Marketwatch. Written by Claudia Assis. Jan. 13, 2011. View Original Article
SAN FRANCISCO (MarketWatch) — Gold futures could trade as high as $1,500 by midyear and $1,600 at the end of 2011, a metals consultancy said Thursday.
MarketWatch’s Mark Hulbert looks at whether the recent big jump and subsequent quick retreat in gold prices is actually a bullish sign for the precious metal.
Gold’s January correction is no indication the metal is permanently on its way down, although the first months of the year could disappoint gold bulls, GFMS said in a report.
Much of gold’s expected run-up in 2011 and early 2012 is likely to be “driven by still-low interest rates, poor returns elsewhere, the elevated level of government debts in Europe, the United States and Japan, and lastly nagging concerns over quantitative easing in the United States and its ramifications for the dollar,” the London-based consultancy said.
Since the start of the year, gold futures have fallen 2.5%, the combination of portfolio reallocations, a stronger dollar and easing concerns about the U.S. economy.
On Wednesday, gold for February delivery (COMMODITIES:GCG11) closed up $1.50 at $1,385.80 an ounce after a late-session reversal. Gold futures have lost 2.5% this year. SPDR Gold Trust (CONSOLIDATED:GLD) , the biggest bullion exchange-traded fund, is down 2.4%. Read more on gold in Metals Stocks.
Support won’t come from jewelry demand, GFMS forecast. It expects consumption to decline by 7% in the first half of the year.
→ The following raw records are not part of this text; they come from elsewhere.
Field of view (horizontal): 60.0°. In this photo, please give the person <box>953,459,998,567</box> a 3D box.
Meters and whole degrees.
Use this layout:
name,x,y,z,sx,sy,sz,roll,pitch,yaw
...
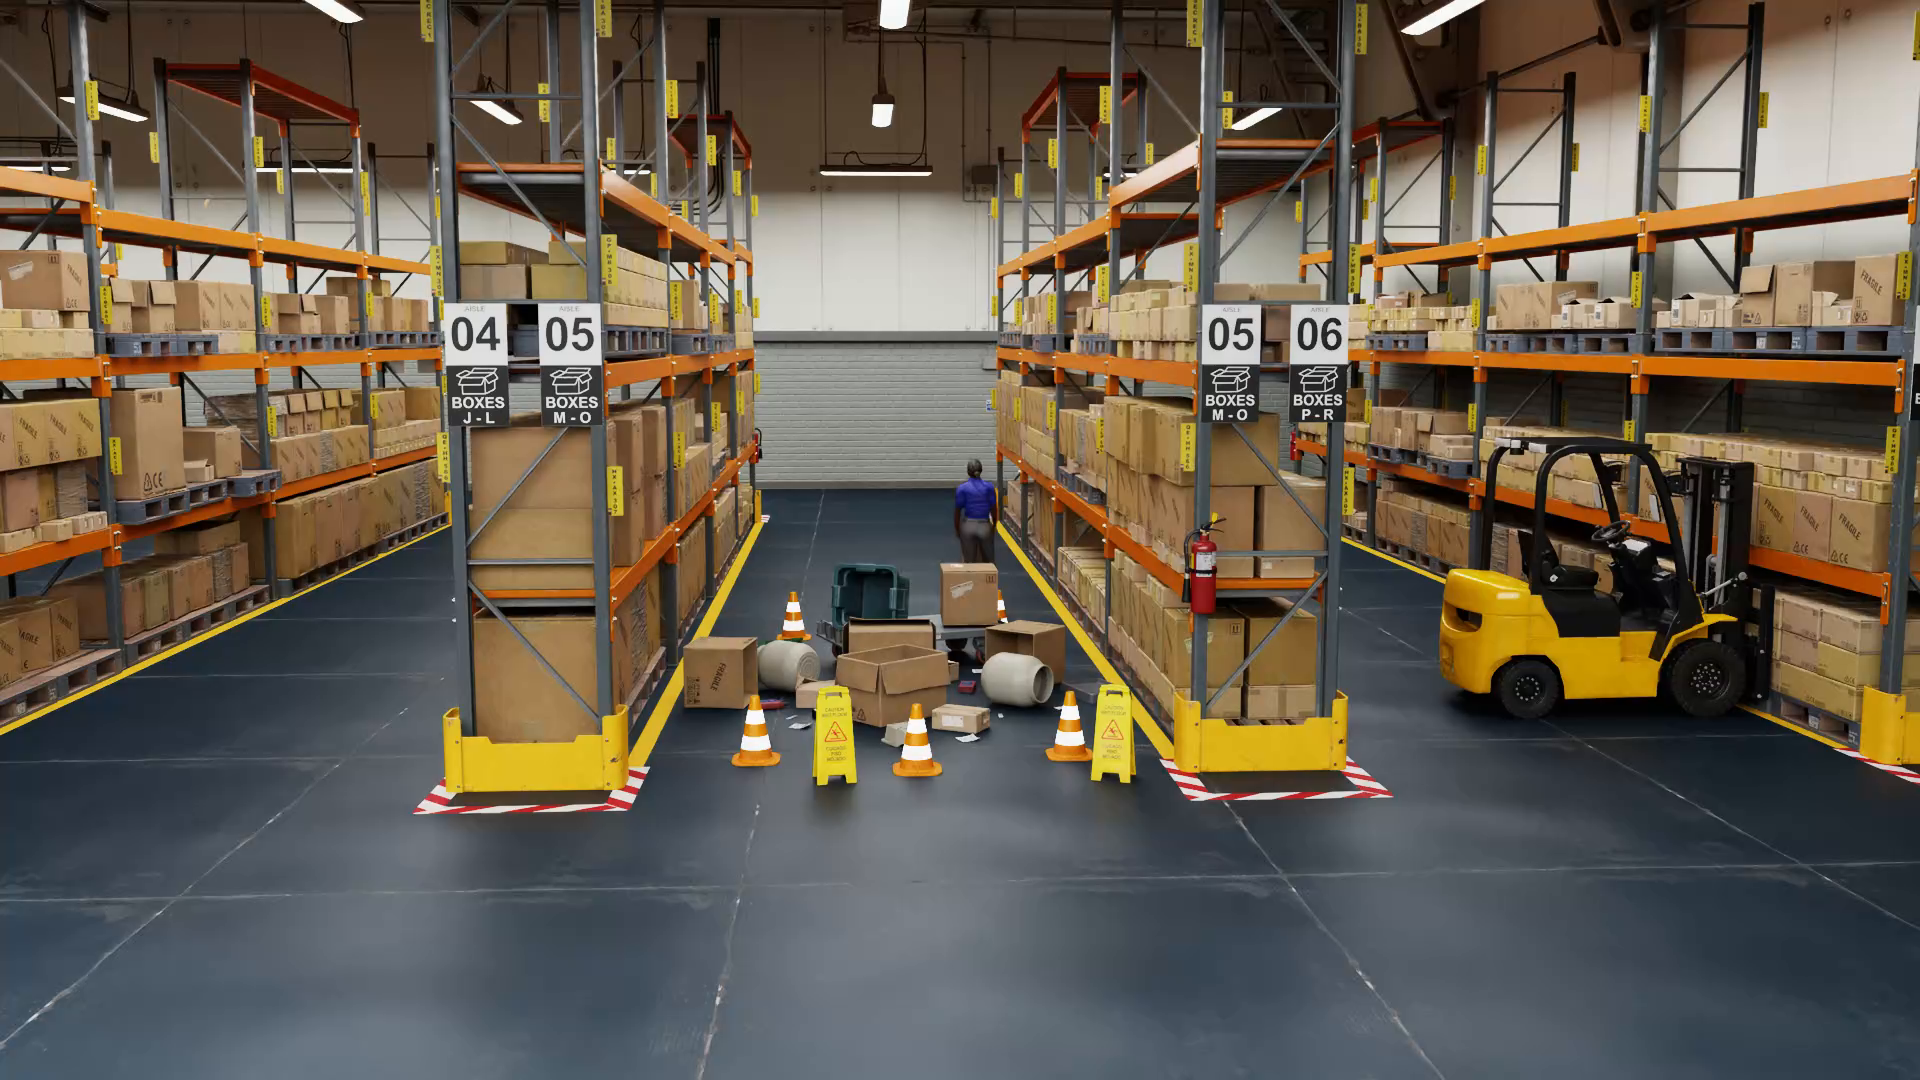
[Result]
name,x,y,z,sx,sy,sz,roll,pitch,yaw
person,0.195,-0.087,18.430,0.547,1.654,0.502,0,7,-4

An uptick in jewelry and bar purchases, particularly in Asia, could emerge following any price dips, providing some support for the physical market, GFMS said.
Behind gold’s 30% rally last year, the consultancy said a recovery in jewelry demand; trends in scrap supply; and purchases from central banks offset mine production and producer de-hedging.
The official sector swung to net purchases of almost 90 metric tons in 2010 from net sales around 30 metric tons in 2009, the consultancy said.